The listing below should be printed in full and exactly, apart from its images.

━━ DATA TO USE ━━

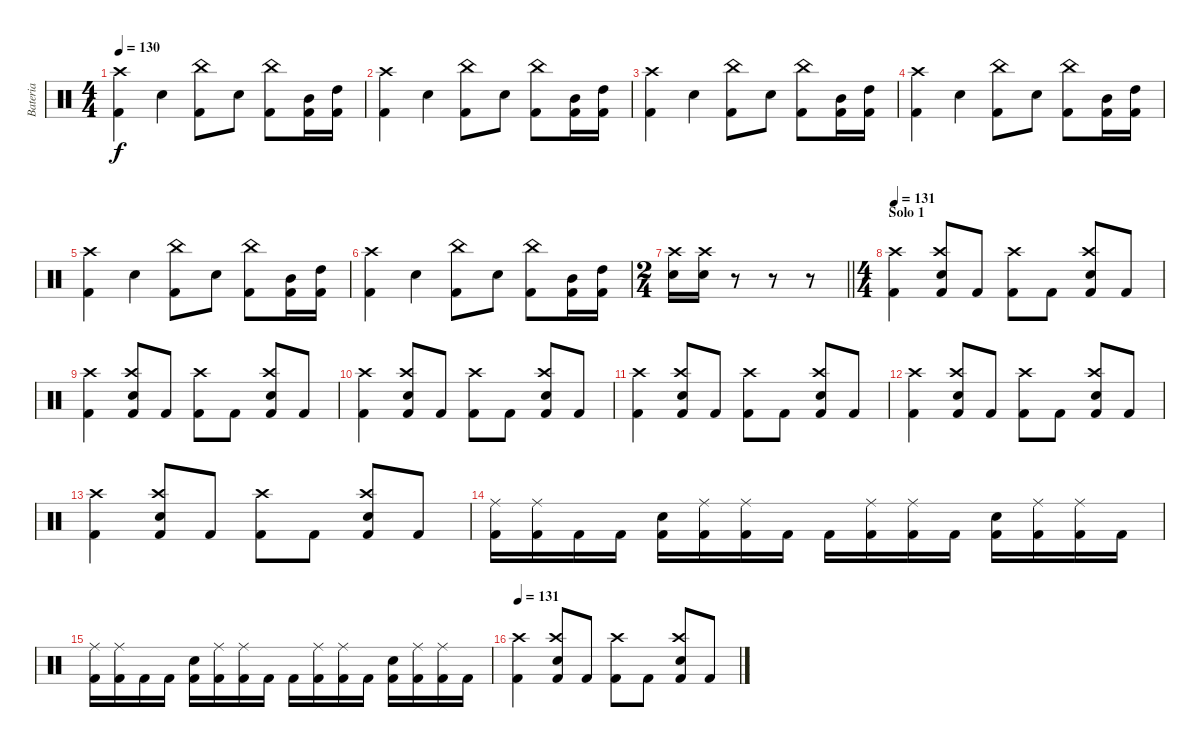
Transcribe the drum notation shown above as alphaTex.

\track ("Bateria" "Bateria") {instrument percussion}
\staff {score}
\articulation defaults
\ts (4 4)
\tempo 130
\clef neutral
\ks c
("Kick (hit) 2" "Crash high (hit)").4{dy f} "Electric Snare (hit)".4 ("China (hit)" "Kick (hit) 2").8 "Electric Snare (hit)".8 ("China (hit)" "Kick (hit) 2").8 ("Mid Tom (hit)" "Kick (hit) 2").16 ("High Tom (hit)" "Kick (hit) 2").16 |
("Kick (hit) 2" "Crash high (hit)").4 "Electric Snare (hit)".4 ("China (hit)" "Kick (hit) 2").8 "Electric Snare (hit)".8 ("China (hit)" "Kick (hit) 2").8 ("Mid Tom (hit)" "Kick (hit) 2").16 ("High Tom (hit)" "Kick (hit) 2").16 |
("Kick (hit) 2" "Crash high (hit)").4 "Electric Snare (hit)".4 ("China (hit)" "Kick (hit) 2").8 "Electric Snare (hit)".8 ("China (hit)" "Kick (hit) 2").8 ("Mid Tom (hit)" "Kick (hit) 2").16 ("High Tom (hit)" "Kick (hit) 2").16 |
("Kick (hit) 2" "Crash high (hit)").4 "Electric Snare (hit)".4 ("China (hit)" "Kick (hit) 2").8 "Electric Snare (hit)".8 ("China (hit)" "Kick (hit) 2").8 ("Mid Tom (hit)" "Kick (hit) 2").16 ("High Tom (hit)" "Kick (hit) 2").16 |
("Kick (hit) 2" "Crash high (hit)").4 "Electric Snare (hit)".4 ("China (hit)" "Kick (hit) 2").8 "Electric Snare (hit)".8 ("China (hit)" "Kick (hit) 2").8 ("Mid Tom (hit)" "Kick (hit) 2").16 ("High Tom (hit)" "Kick (hit) 2").16 |
("Kick (hit) 2" "Crash high (hit)").4 "Electric Snare (hit)".4 ("China (hit)" "Kick (hit) 2").8 "Electric Snare (hit)".8 ("China (hit)" "Kick (hit) 2").8 ("Mid Tom (hit)" "Kick (hit) 2").16 ("High Tom (hit)" "Kick (hit) 2").16 |
\ts (2 4)
\barLineRight lightlight
("Electric Snare (hit)" "Crash high (hit)").16 ("Electric Snare (hit)" "Crash high (hit)").16 r.8 r.8 r.8 |
\ts (4 4)
\section ("" "Solo 1")
\tempo 131
("Crash high (hit)" "Kick (hit) 2").4 ("Crash high (hit)" "Electric Snare (hit)" "Kick (hit) 2").8 "Kick (hit) 2".8 ("Crash high (hit)" "Kick (hit) 2").8 "Kick (hit) 2".8 ("Crash high (hit)" "Electric Snare (hit)" "Kick (hit) 2").8 "Kick (hit) 2".8 |
("Crash high (hit)" "Kick (hit) 2").4 ("Crash high (hit)" "Electric Snare (hit)" "Kick (hit) 2").8 "Kick (hit) 2".8 ("Crash high (hit)" "Kick (hit) 2").8 "Kick (hit) 2".8 ("Crash high (hit)" "Electric Snare (hit)" "Kick (hit) 2").8 "Kick (hit) 2".8 |
("Crash high (hit)" "Kick (hit) 2").4 ("Crash high (hit)" "Electric Snare (hit)" "Kick (hit) 2").8 "Kick (hit) 2".8 ("Crash high (hit)" "Kick (hit) 2").8 "Kick (hit) 2".8 ("Crash high (hit)" "Electric Snare (hit)" "Kick (hit) 2").8 "Kick (hit) 2".8 |
("Crash high (hit)" "Kick (hit) 2").4 ("Crash high (hit)" "Electric Snare (hit)" "Kick (hit) 2").8 "Kick (hit) 2".8 ("Crash high (hit)" "Kick (hit) 2").8 "Kick (hit) 2".8 ("Crash high (hit)" "Electric Snare (hit)" "Kick (hit) 2").8 "Kick (hit) 2".8 |
("Crash high (hit)" "Kick (hit) 2").4 ("Crash high (hit)" "Electric Snare (hit)" "Kick (hit) 2").8 "Kick (hit) 2".8 ("Crash high (hit)" "Kick (hit) 2").8 "Kick (hit) 2".8 ("Crash high (hit)" "Electric Snare (hit)" "Kick (hit) 2").8 "Kick (hit) 2".8 |
("Crash high (hit)" "Kick (hit) 2").4 ("Crash high (hit)" "Electric Snare (hit)" "Kick (hit) 2").8 "Kick (hit) 2".8 ("Crash high (hit)" "Kick (hit) 2").8 "Kick (hit) 2".8 ("Crash high (hit)" "Electric Snare (hit)" "Kick (hit) 2").8 "Kick (hit) 2".8 |
("Ride (middle)" "Kick (hit) 2").16 ("Ride (middle)" "Kick (hit) 2").16 "Kick (hit) 2".16 "Kick (hit) 2".16 ("Electric Snare (hit)" "Kick (hit) 2").16 ("Ride (middle)" "Kick (hit) 2").16 ("Ride (middle)" "Kick (hit) 2").16 "Kick (hit) 2".16 "Kick (hit) 2".16 ("Ride (middle)" "Kick (hit) 2").16 ("Ride (middle)" "Kick (hit) 2").16 "Kick (hit) 2".16 ("Electric Snare (hit)" "Kick (hit) 2").16 ("Ride (middle)" "Kick (hit) 2").16 ("Ride (middle)" "Kick (hit) 2").16 "Kick (hit) 2".16 |
("Ride (middle)" "Kick (hit) 2").16 ("Ride (middle)" "Kick (hit) 2").16 "Kick (hit) 2".16 "Kick (hit) 2".16 ("Electric Snare (hit)" "Kick (hit) 2").16 ("Ride (middle)" "Kick (hit) 2").16 ("Ride (middle)" "Kick (hit) 2").16 "Kick (hit) 2".16 "Kick (hit) 2".16 ("Ride (middle)" "Kick (hit) 2").16 ("Ride (middle)" "Kick (hit) 2").16 "Kick (hit) 2".16 ("Electric Snare (hit)" "Kick (hit) 2").16 ("Ride (middle)" "Kick (hit) 2").16 ("Ride (middle)" "Kick (hit) 2").16 "Kick (hit) 2".16 |
\tempo 131
("Crash high (hit)" "Kick (hit) 2").4 ("Crash high (hit)" "Electric Snare (hit)" "Kick (hit) 2").8 "Kick (hit) 2".8 ("Crash high (hit)" "Kick (hit) 2").8 "Kick (hit) 2".8 ("Crash high (hit)" "Electric Snare (hit)" "Kick (hit) 2").8 "Kick (hit) 2".8

━━━

▶ [EXERCISE OUTPUT]:
Transcribe the drum notation shown above as alphaTex.

\track ("Bateria" "Bateria") {instrument percussion}
\staff {score}
\articulation defaults
\ts (4 4)
\tempo 130
\clef neutral
\ks c
("Kick (hit) 2" "Crash high (hit)").4{dy f} "Electric Snare (hit)".4 ("China (hit)" "Kick (hit) 2").8 "Electric Snare (hit)".8 ("China (hit)" "Kick (hit) 2").8 ("Mid Tom (hit)" "Kick (hit) 2").16 ("High Tom (hit)" "Kick (hit) 2").16 |
("Kick (hit) 2" "Crash high (hit)").4 "Electric Snare (hit)".4 ("China (hit)" "Kick (hit) 2").8 "Electric Snare (hit)".8 ("China (hit)" "Kick (hit) 2").8 ("Mid Tom (hit)" "Kick (hit) 2").16 ("High Tom (hit)" "Kick (hit) 2").16 |
("Kick (hit) 2" "Crash high (hit)").4 "Electric Snare (hit)".4 ("China (hit)" "Kick (hit) 2").8 "Electric Snare (hit)".8 ("China (hit)" "Kick (hit) 2").8 ("Mid Tom (hit)" "Kick (hit) 2").16 ("High Tom (hit)" "Kick (hit) 2").16 |
("Kick (hit) 2" "Crash high (hit)").4 "Electric Snare (hit)".4 ("China (hit)" "Kick (hit) 2").8 "Electric Snare (hit)".8 ("China (hit)" "Kick (hit) 2").8 ("Mid Tom (hit)" "Kick (hit) 2").16 ("High Tom (hit)" "Kick (hit) 2").16 |
("Kick (hit) 2" "Crash high (hit)").4 "Electric Snare (hit)".4 ("China (hit)" "Kick (hit) 2").8 "Electric Snare (hit)".8 ("China (hit)" "Kick (hit) 2").8 ("Mid Tom (hit)" "Kick (hit) 2").16 ("High Tom (hit)" "Kick (hit) 2").16 |
("Kick (hit) 2" "Crash high (hit)").4 "Electric Snare (hit)".4 ("China (hit)" "Kick (hit) 2").8 "Electric Snare (hit)".8 ("China (hit)" "Kick (hit) 2").8 ("Mid Tom (hit)" "Kick (hit) 2").16 ("High Tom (hit)" "Kick (hit) 2").16 |
\ts (2 4)
\barLineRight lightlight
("Electric Snare (hit)" "Crash high (hit)").16 ("Electric Snare (hit)" "Crash high (hit)").16 r.8 r.8 r.8 |
\ts (4 4)
\section ("" "Solo 1")
\tempo 131
("Crash high (hit)" "Kick (hit) 2").4 ("Crash high (hit)" "Electric Snare (hit)" "Kick (hit) 2").8 "Kick (hit) 2".8 ("Crash high (hit)" "Kick (hit) 2").8 "Kick (hit) 2".8 ("Crash high (hit)" "Electric Snare (hit)" "Kick (hit) 2").8 "Kick (hit) 2".8 |
("Crash high (hit)" "Kick (hit) 2").4 ("Crash high (hit)" "Electric Snare (hit)" "Kick (hit) 2").8 "Kick (hit) 2".8 ("Crash high (hit)" "Kick (hit) 2").8 "Kick (hit) 2".8 ("Crash high (hit)" "Electric Snare (hit)" "Kick (hit) 2").8 "Kick (hit) 2".8 |
("Crash high (hit)" "Kick (hit) 2").4 ("Crash high (hit)" "Electric Snare (hit)" "Kick (hit) 2").8 "Kick (hit) 2".8 ("Crash high (hit)" "Kick (hit) 2").8 "Kick (hit) 2".8 ("Crash high (hit)" "Electric Snare (hit)" "Kick (hit) 2").8 "Kick (hit) 2".8 |
("Crash high (hit)" "Kick (hit) 2").4 ("Crash high (hit)" "Electric Snare (hit)" "Kick (hit) 2").8 "Kick (hit) 2".8 ("Crash high (hit)" "Kick (hit) 2").8 "Kick (hit) 2".8 ("Crash high (hit)" "Electric Snare (hit)" "Kick (hit) 2").8 "Kick (hit) 2".8 |
("Crash high (hit)" "Kick (hit) 2").4 ("Crash high (hit)" "Electric Snare (hit)" "Kick (hit) 2").8 "Kick (hit) 2".8 ("Crash high (hit)" "Kick (hit) 2").8 "Kick (hit) 2".8 ("Crash high (hit)" "Electric Snare (hit)" "Kick (hit) 2").8 "Kick (hit) 2".8 |
("Crash high (hit)" "Kick (hit) 2").4 ("Crash high (hit)" "Electric Snare (hit)" "Kick (hit) 2").8 "Kick (hit) 2".8 ("Crash high (hit)" "Kick (hit) 2").8 "Kick (hit) 2".8 ("Crash high (hit)" "Electric Snare (hit)" "Kick (hit) 2").8 "Kick (hit) 2".8 |
("Ride (middle)" "Kick (hit) 2").16 ("Ride (middle)" "Kick (hit) 2").16 "Kick (hit) 2".16 "Kick (hit) 2".16 ("Electric Snare (hit)" "Kick (hit) 2").16 ("Ride (middle)" "Kick (hit) 2").16 ("Ride (middle)" "Kick (hit) 2").16 "Kick (hit) 2".16 "Kick (hit) 2".16 ("Ride (middle)" "Kick (hit) 2").16 ("Ride (middle)" "Kick (hit) 2").16 "Kick (hit) 2".16 ("Electric Snare (hit)" "Kick (hit) 2").16 ("Ride (middle)" "Kick (hit) 2").16 ("Ride (middle)" "Kick (hit) 2").16 "Kick (hit) 2".16 |
("Ride (middle)" "Kick (hit) 2").16 ("Ride (middle)" "Kick (hit) 2").16 "Kick (hit) 2".16 "Kick (hit) 2".16 ("Electric Snare (hit)" "Kick (hit) 2").16 ("Ride (middle)" "Kick (hit) 2").16 ("Ride (middle)" "Kick (hit) 2").16 "Kick (hit) 2".16 "Kick (hit) 2".16 ("Ride (middle)" "Kick (hit) 2").16 ("Ride (middle)" "Kick (hit) 2").16 "Kick (hit) 2".16 ("Electric Snare (hit)" "Kick (hit) 2").16 ("Ride (middle)" "Kick (hit) 2").16 ("Ride (middle)" "Kick (hit) 2").16 "Kick (hit) 2".16 |
\tempo 131
("Crash high (hit)" "Kick (hit) 2").4 ("Crash high (hit)" "Electric Snare (hit)" "Kick (hit) 2").8 "Kick (hit) 2".8 ("Crash high (hit)" "Kick (hit) 2").8 "Kick (hit) 2".8 ("Crash high (hit)" "Electric Snare (hit)" "Kick (hit) 2").8 "Kick (hit) 2".8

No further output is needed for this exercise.